The Government’s announcement yesterday on aiming for 100 per cent renewable electricity by 2030 came at the same as a warning that we are still one of the only countries that allows industry to offset their greenhouse gas emissions rather than reduce them.

The warning is in a report showing that substantial areas of productive sheep and beef farms are continuing to be sold for forestry so that the new owners can claim the carbon credits.

The report, commissioned by Beef+LambNZ, found that in 2021 and 2022, 99,000 hectares of farmland were sold for conversion to forestry, with over 40 per cent of the sales going to overseas buyers.

Beef and Lamb NZ C EO Sam McIvor says that figure is likely to increase because there is a backlog of applications for sales approval currently sitting with the Overseas Investment Office.

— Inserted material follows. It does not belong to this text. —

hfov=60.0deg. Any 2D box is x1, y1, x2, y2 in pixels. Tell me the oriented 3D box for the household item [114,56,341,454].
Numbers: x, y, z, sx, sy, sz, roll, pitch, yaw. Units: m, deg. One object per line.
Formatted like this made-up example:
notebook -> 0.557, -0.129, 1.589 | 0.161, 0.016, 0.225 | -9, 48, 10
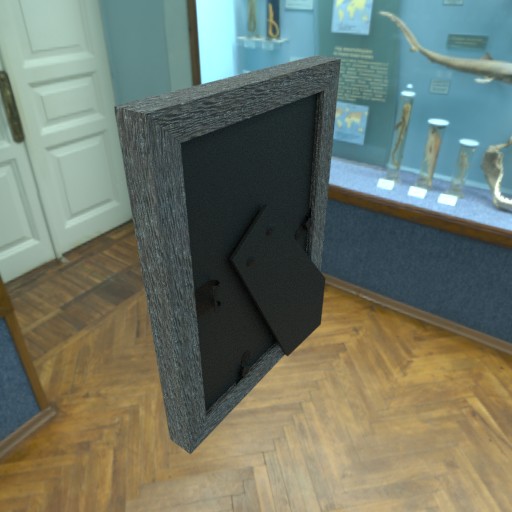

The report came after the launch in Auckland yesterday of a $2 billion fund with the goal of making New Zealand one of the first countries in the world to reach 100% renewable electricity.

The Government has worked with BlackRock, the world’s largest asset manager with $US8.9 trillion in assets under management, to launch the fund.

But both the Beef and Lamb report and the fund launch point to the fact that moving towards the climate change targets is now having to switch from rhetoric to action.

And that underlines the real difficulty New Zealand is going to have to cut its emissions sufficiently to reach net zero by 2050.

That is why the forest offsets have been so attractive.

And they have also offered a new source of income to financially battered hill country sheep and beef farmers.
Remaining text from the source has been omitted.